8-11 February 2016
BSC, Barcelona UPC, Campus Nord
CET timezone

NOTICE: From 14th of January all aplicants will be put on waiting list and places cannot be confirmed. If any places become available, we will inform you on a first come - first served basis.

Please do not forget to bring your laptop on the couorse.


Course Convener: Maria-Ribera Sancho

Objectives: The course brings together key information technologies used in manipulating, storing, and analysing data including:

  • the basic tools for statistical analysis,
  • techniques for parallel processing,
  • tools for access to unstructured data,
  • storage solutions.

Learning outcomes: Students will be introduced to systems that can accept, store, and analyse large volumes of unstructured data.

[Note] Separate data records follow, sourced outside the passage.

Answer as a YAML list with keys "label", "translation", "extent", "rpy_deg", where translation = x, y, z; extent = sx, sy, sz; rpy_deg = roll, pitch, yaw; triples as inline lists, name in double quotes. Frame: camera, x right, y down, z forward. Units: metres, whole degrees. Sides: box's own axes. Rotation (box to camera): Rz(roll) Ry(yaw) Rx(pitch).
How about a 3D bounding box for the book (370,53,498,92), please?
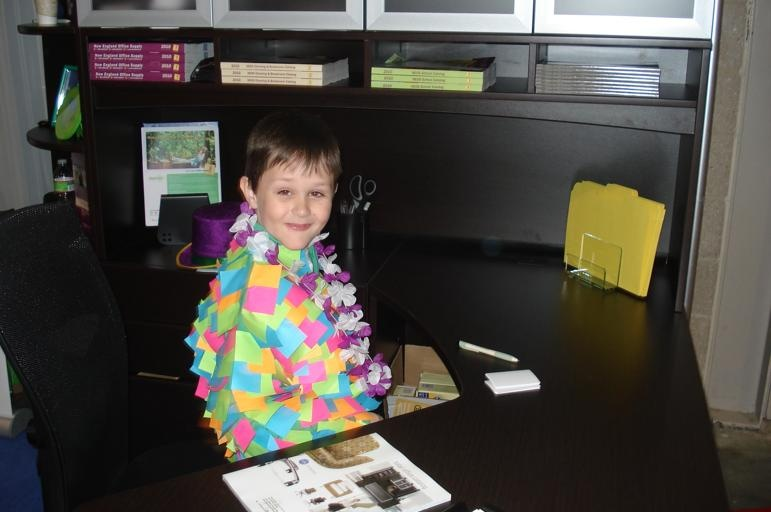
- label: "book"
  translation: [0.192, -0.714, 2.204]
  extent: [0.460, 0.137, 0.243]
  rpy_deg: [4, 16, 11]

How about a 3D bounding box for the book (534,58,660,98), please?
- label: "book"
  translation: [0.757, -0.631, 2.023]
  extent: [0.427, 0.115, 0.046]
  rpy_deg: [4, 16, 11]

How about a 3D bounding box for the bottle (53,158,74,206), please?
- label: "bottle"
  translation: [-1.513, -0.343, 2.630]
  extent: [0.083, 0.214, 0.082]
  rpy_deg: [7, 19, -2]
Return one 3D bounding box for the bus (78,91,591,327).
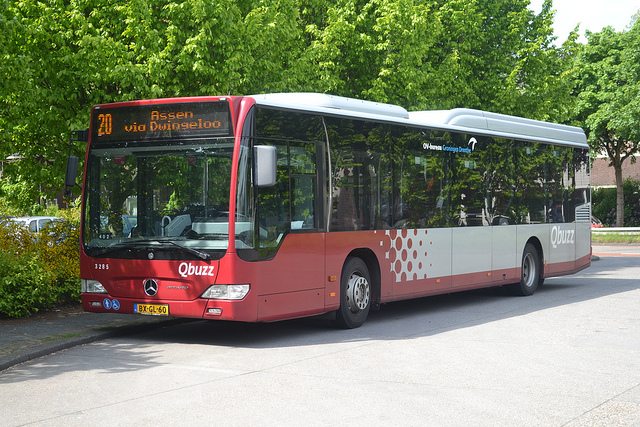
[{"bbox_3d":[2.763,-0.081,15.335,4.530,5.423,16.079,-2,-4,40],"label":"bus"}]

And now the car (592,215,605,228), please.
[{"bbox_3d":[23.259,0.610,48.528,0.753,1.057,2.222,-8,-13,36],"label":"car"}]

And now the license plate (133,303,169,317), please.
[{"bbox_3d":[-2.924,1.655,10.081,0.763,0.226,0.146,-2,-2,28],"label":"license plate"}]
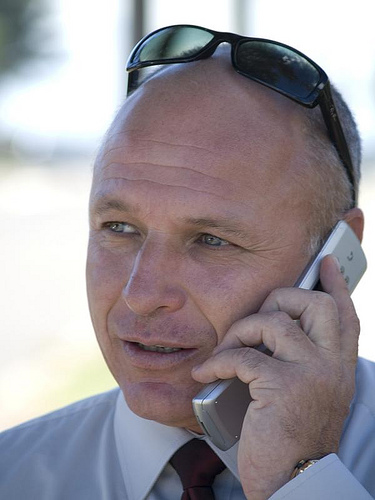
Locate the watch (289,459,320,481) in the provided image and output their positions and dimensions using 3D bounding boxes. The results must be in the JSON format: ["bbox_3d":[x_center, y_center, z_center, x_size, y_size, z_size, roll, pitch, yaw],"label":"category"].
[{"bbox_3d":[0.334,0.633,2.000,0.064,0.017,0.058,22,71,42],"label":"watch"}]
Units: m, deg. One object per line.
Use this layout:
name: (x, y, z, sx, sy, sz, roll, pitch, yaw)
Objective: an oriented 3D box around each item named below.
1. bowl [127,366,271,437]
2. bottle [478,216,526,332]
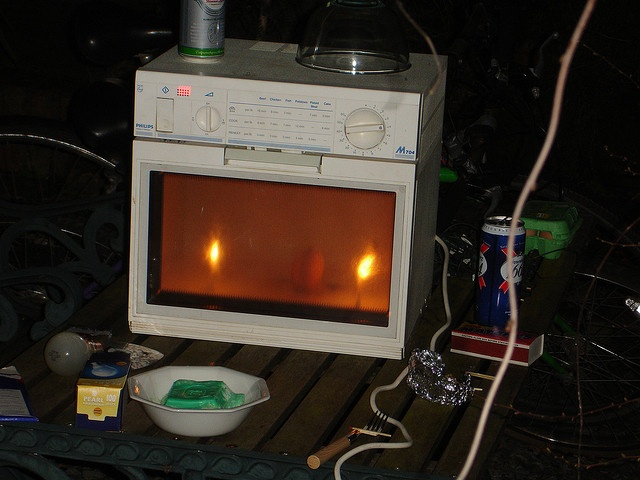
bowl: (-0.342, 0.447, 1.694, 0.389, 0.155, 0.209, 6, 21, -7)
bottle: (0.581, 0.111, 2.074, 0.141, 0.392, 0.198, 8, 14, 23)
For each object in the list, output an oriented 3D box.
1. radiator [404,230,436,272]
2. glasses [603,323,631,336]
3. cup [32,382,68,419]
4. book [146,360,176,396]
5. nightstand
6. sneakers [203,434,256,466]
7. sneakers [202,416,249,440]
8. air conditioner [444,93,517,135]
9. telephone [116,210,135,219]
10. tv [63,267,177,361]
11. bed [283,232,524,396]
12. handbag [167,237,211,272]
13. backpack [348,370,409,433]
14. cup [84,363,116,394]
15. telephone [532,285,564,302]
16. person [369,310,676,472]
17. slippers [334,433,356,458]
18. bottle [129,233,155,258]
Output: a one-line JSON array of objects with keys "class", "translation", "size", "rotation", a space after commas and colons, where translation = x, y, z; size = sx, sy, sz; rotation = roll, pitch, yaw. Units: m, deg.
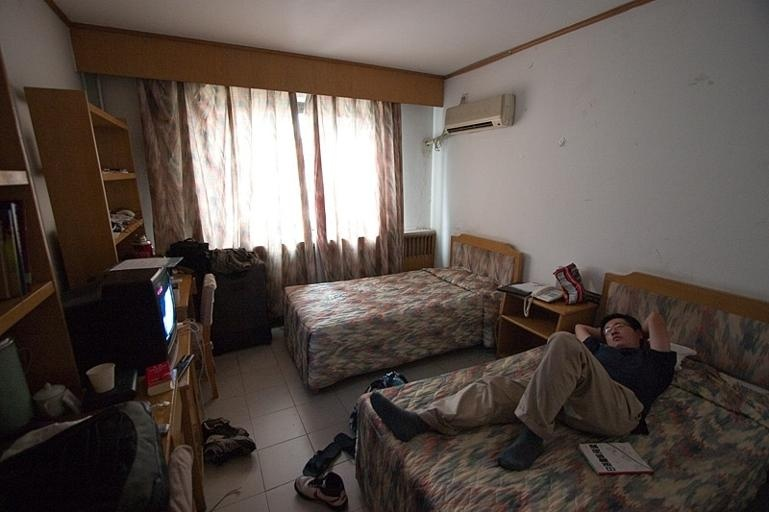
[{"class": "radiator", "translation": [0.416, -0.069, 5.980], "size": [0.445, 0.426, 0.162], "rotation": [-8, 20, -27]}, {"class": "glasses", "translation": [1.714, 0.558, 3.667], "size": [0.103, 0.033, 0.108], "rotation": [-10, 38, 41]}, {"class": "cup", "translation": [-1.861, 0.806, 2.784], "size": [0.172, 0.188, 0.174], "rotation": [2, 11, 0]}, {"class": "book", "translation": [-1.396, 0.759, 3.012], "size": [0.153, 0.154, 0.172], "rotation": [-7, 11, -24]}, {"class": "nightstand", "translation": [1.405, 0.719, 4.388], "size": [0.477, 0.647, 0.651], "rotation": [1, 13, -29]}, {"class": "sneakers", "translation": [-1.152, 1.422, 3.580], "size": [0.241, 0.096, 0.206], "rotation": [-2, 4, -32]}, {"class": "sneakers", "translation": [-1.248, 1.335, 3.716], "size": [0.384, 0.152, 0.137], "rotation": [0, 1, -7]}, {"class": "air conditioner", "translation": [0.943, -1.455, 5.146], "size": [0.170, 0.321, 0.944], "rotation": [-8, 11, -28]}, {"class": "telephone", "translation": [-2.249, -0.352, 4.229], "size": [0.085, 0.034, 0.111], "rotation": [10, 8, 24]}, {"class": "tv", "translation": [-1.678, 0.303, 3.244], "size": [0.618, 0.604, 0.586], "rotation": [-2, 14, -13]}, {"class": "bed", "translation": [0.130, 0.397, 4.938], "size": [2.159, 1.156, 1.314], "rotation": [-7, 13, -25]}, {"class": "handbag", "translation": [-1.805, 0.005, 4.454], "size": [0.289, 0.295, 0.159], "rotation": [3, 10, 5]}, {"class": "backpack", "translation": [-0.058, 1.147, 3.891], "size": [0.473, 0.146, 0.394], "rotation": [-9, 1, -17]}, {"class": "cup", "translation": [-1.658, 0.729, 2.862], "size": [0.165, 0.128, 0.157], "rotation": [0, 7, 0]}, {"class": "telephone", "translation": [1.466, 0.350, 4.333], "size": [0.166, 0.053, 0.171], "rotation": [-15, 20, -35]}, {"class": "person", "translation": [0.959, 0.771, 3.528], "size": [2.087, 1.156, 0.928], "rotation": [0, 1, -17]}, {"class": "slippers", "translation": [-0.288, 1.440, 3.675], "size": [0.145, 0.045, 0.109], "rotation": [31, 43, 32]}, {"class": "bottle", "translation": [-2.108, -0.072, 4.240], "size": [0.226, 0.235, 0.196], "rotation": [1, 13, -6]}]
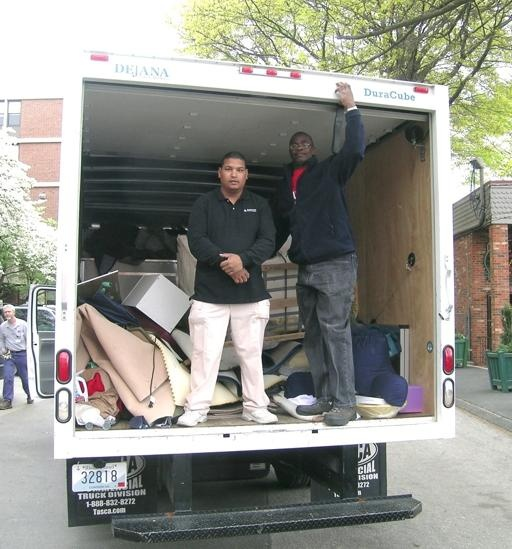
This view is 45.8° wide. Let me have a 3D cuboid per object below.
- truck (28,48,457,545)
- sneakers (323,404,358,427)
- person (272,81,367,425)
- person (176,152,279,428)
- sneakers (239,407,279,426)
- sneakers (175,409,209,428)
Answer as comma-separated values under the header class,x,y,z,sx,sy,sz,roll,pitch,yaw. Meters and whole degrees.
class,x,y,z,sx,sy,sz,roll,pitch,yaw
truck,-0.145,0.172,4.939,2.272,2.298,3.807,1,-4,-9
sneakers,0.496,0.831,3.542,0.078,0.100,0.214,0,-7,43
person,0.427,-0.111,3.842,0.391,1.998,0.858,1,-4,-22
person,-0.161,0.039,3.784,0.653,1.713,0.566,1,-4,-13
sneakers,0.022,0.847,3.627,0.221,0.100,0.081,-8,-10,43
sneakers,-0.374,0.826,3.490,0.140,0.072,0.233,-1,-3,6
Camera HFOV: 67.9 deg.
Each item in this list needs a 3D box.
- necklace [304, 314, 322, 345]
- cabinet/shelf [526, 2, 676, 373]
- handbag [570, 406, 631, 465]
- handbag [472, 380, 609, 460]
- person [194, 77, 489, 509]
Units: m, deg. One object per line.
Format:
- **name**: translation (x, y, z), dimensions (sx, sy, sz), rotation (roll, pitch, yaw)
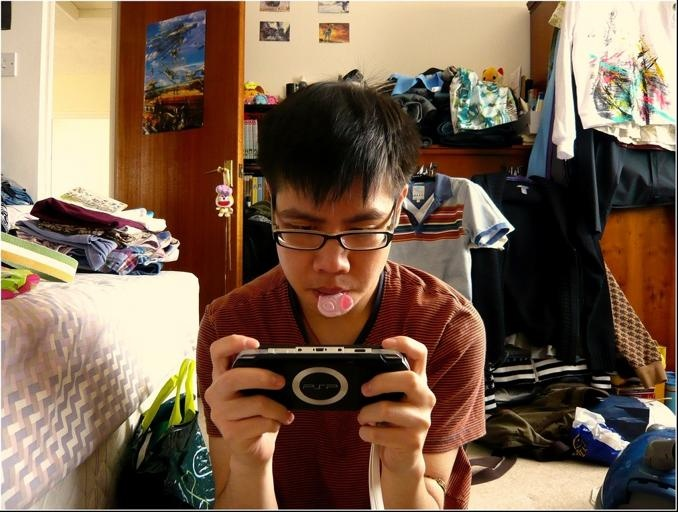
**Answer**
- **necklace**: translation (-0.058, 0.183, 1.253), dimensions (0.022, 0.049, 0.063), rotation (-17, -19, 1)
- **cabinet/shelf**: translation (1.444, -0.457, 2.759), dimensions (0.770, 2.069, 0.334), rotation (4, 6, 33)
- **handbag**: translation (1.031, 0.712, 2.040), dimensions (0.159, 0.186, 0.071), rotation (-37, -16, 30)
- **handbag**: translation (0.866, 0.717, 2.137), dimensions (0.323, 0.130, 0.342), rotation (-8, -3, 11)
- **person**: translation (0.019, 0.112, 1.197), dimensions (0.723, 1.057, 0.443), rotation (0, 5, -10)

The learned skills can be used in data intensive application areas.

Level: For trainees with some theoretical and practical knowledge


Day 1 08/02:  Introduction (Vassil Alexandrov)
Session 1: 9:30am – 1pm

  1. Data Science current trends session will focus on results of the latest key studies both and Europe and the USA an in the area of Data Science and outline the major trends, findings and recommendations.

Coffee break 11:00- 11:30

  1. Data Science definitions and mathematical foundations introduction. 

While tackling Big Data problems in many cases elementary or standard statistical approaches fail. New research methods are required to be developed to tackle such problems. Therefore this session will focus key research methods and approaches for Data Science, ranging from theory creating and theory testing approaches to conceptual-analytical approaches and experimental ones, that are able to lead to discovering global properties on data  These will be mainly deterministic and hybrid (stochastic/deterministic) methods and algorithms.
Session 2: 2pm – 6pm

  1. This session will focus on several key methods and algorithms (both serial and parallel) that enable to discover global properties on data while dealing with Big Data:
    • Network Science
    • Multi Constrained and Multi-Objective Optimization
    • Examples of using the above approaches
  2. Examples using the above approaches and some hands-on exercise

Coffee break 16:00 – 16:30

  1. Social Simulation Applications (Josep Casanovas)

Day 2 09/02:
Session 1: 9:30am – 1pm Data sharing (Anna Queralt)

  1. In this session we will provide an overview on current Open Data and data sharing approaches.

Usually, when talking about Big Data, the emphasis is put on how to efficiently store and analyse huge amounts of data. However, only when data from independent sources is combined it is possible to gain insights that would be impossible to obtain by analysing each dataset separately. Thus, it is essential that data, either public or private, is shared so that researchers, students, app developers or citizens in general can extract as much value as possible from it.
Coffee break 11:00- 11:30

  1. Hands-on exercise

Session 2: 2pm – 5pm Data analytics with Apache Spark - part 1 (Mario Macias)

In the recent years, Apache Spark has emerged as one of the most promising technologies for large-scale data processing in a fast and general way, with “programmer-friendly” interfaces and official bindings for many of the most used languages (Java, Scala, Python and R), extensive documentation and development tools. In addition, overcomes other MapReduce engines by 10x to 100x in terms of performance. This course introduces Apache Spark, as well as some of its core libraries for data manipulation, machine learning, graph analytics, etc.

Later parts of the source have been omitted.